Maybe throw in some flavor from the 6 types of working genius (WIDGET: wonder, invention, discernment, galvanizing, enablement, tenacity) and meyers-briggs personality types for fun.
That chart is confusing because they’ve put the quadrant labels on the axes so a) the axis dimensions are unknown and b) there are two labels on each quadrant
Yea, the quadrant visualization does not make sense. What is the bottom-left quadrant? Coaster or Grifter or both? What about the top-right? None of the above? I can't figure it out.
I think the real problem is that it's impossible to work as a believer/grinder in any large organisation (e.g. filled with grifters). It's not sustainable to work as a grinder for a long time in the first place, but it's especially terrible when it's unrewarding.
No mention of all the "deadwood:" people that don't contribute anything at all. People you're loath to assign anything to because they've repeatedly shown that they're incapable of finishing the simplest task. People one would think would be first on the cutting block at the next layoff.

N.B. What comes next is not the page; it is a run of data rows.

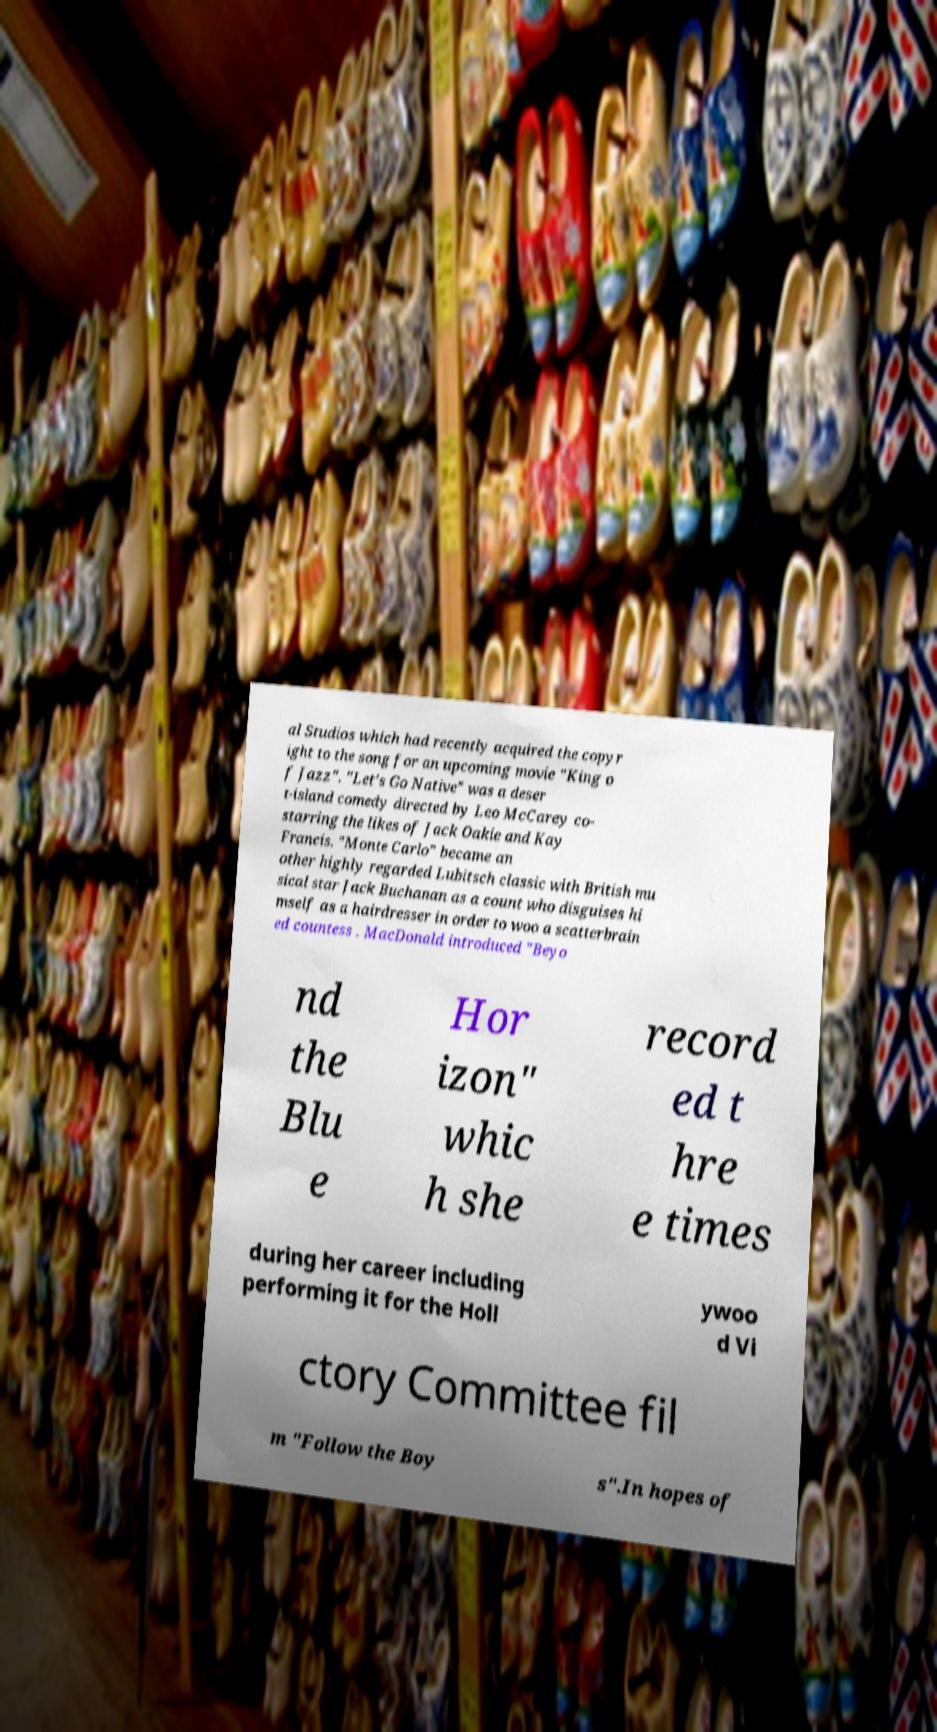What messages or text are displayed in this image? I need them in a readable, typed format. al Studios which had recently acquired the copyr ight to the song for an upcoming movie "King o f Jazz". "Let's Go Native" was a deser t-island comedy directed by Leo McCarey co- starring the likes of Jack Oakie and Kay Francis. "Monte Carlo" became an other highly regarded Lubitsch classic with British mu sical star Jack Buchanan as a count who disguises hi mself as a hairdresser in order to woo a scatterbrain ed countess . MacDonald introduced "Beyo nd the Blu e Hor izon" whic h she record ed t hre e times during her career including performing it for the Holl ywoo d Vi ctory Committee fil m "Follow the Boy s".In hopes of 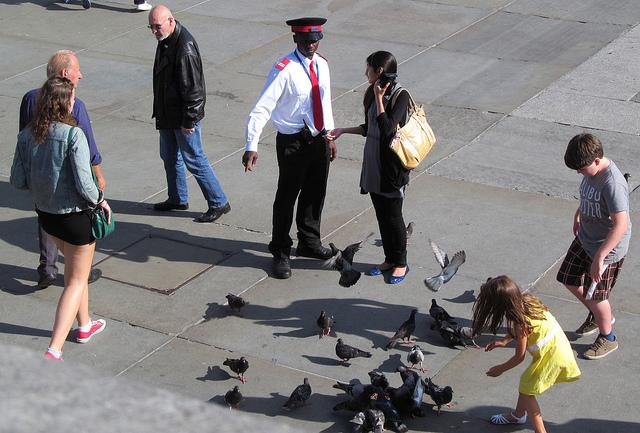What does the girl in yellow do to the birds? feed them 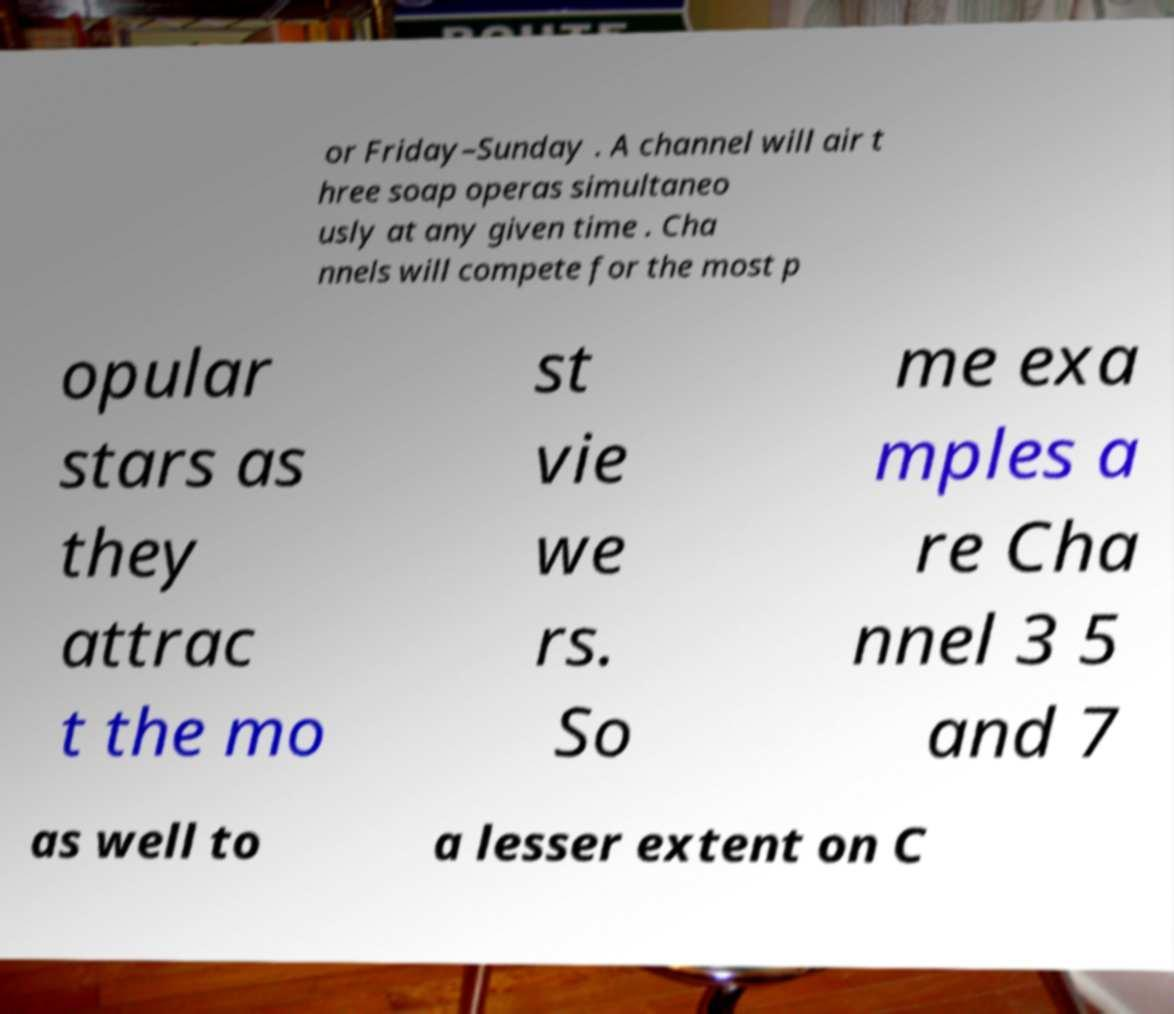For documentation purposes, I need the text within this image transcribed. Could you provide that? or Friday–Sunday . A channel will air t hree soap operas simultaneo usly at any given time . Cha nnels will compete for the most p opular stars as they attrac t the mo st vie we rs. So me exa mples a re Cha nnel 3 5 and 7 as well to a lesser extent on C

Is it not just a question of what you're optimising for? Excluding the outliers (the lazy, incompetent, or geniuses), most can choose what to optimise for:
- free time, low stress, calm life
- fulfillment through delivering functionality
- fulfillment through pride in the craft
- money and status through career progression
- social validation through relationships with coworkers/bosses
"Grifter" is a terrible word choice for the "personality type" in the description.
Grifting is always a form of aberrant behaviour -- manipulative, cruel, deceitful, larcenous. Unless you are Humpty Dumpty, I don't know why you would choose a word for a quadrant that requires you to clarify that you do not mean to associate its actual meaning with the behaviours in that quadrant.
"Politician" (albeit with a small p) is a much, much better word for the personality type in the description.
Politics is only sometimes a form of aberrant behaviour.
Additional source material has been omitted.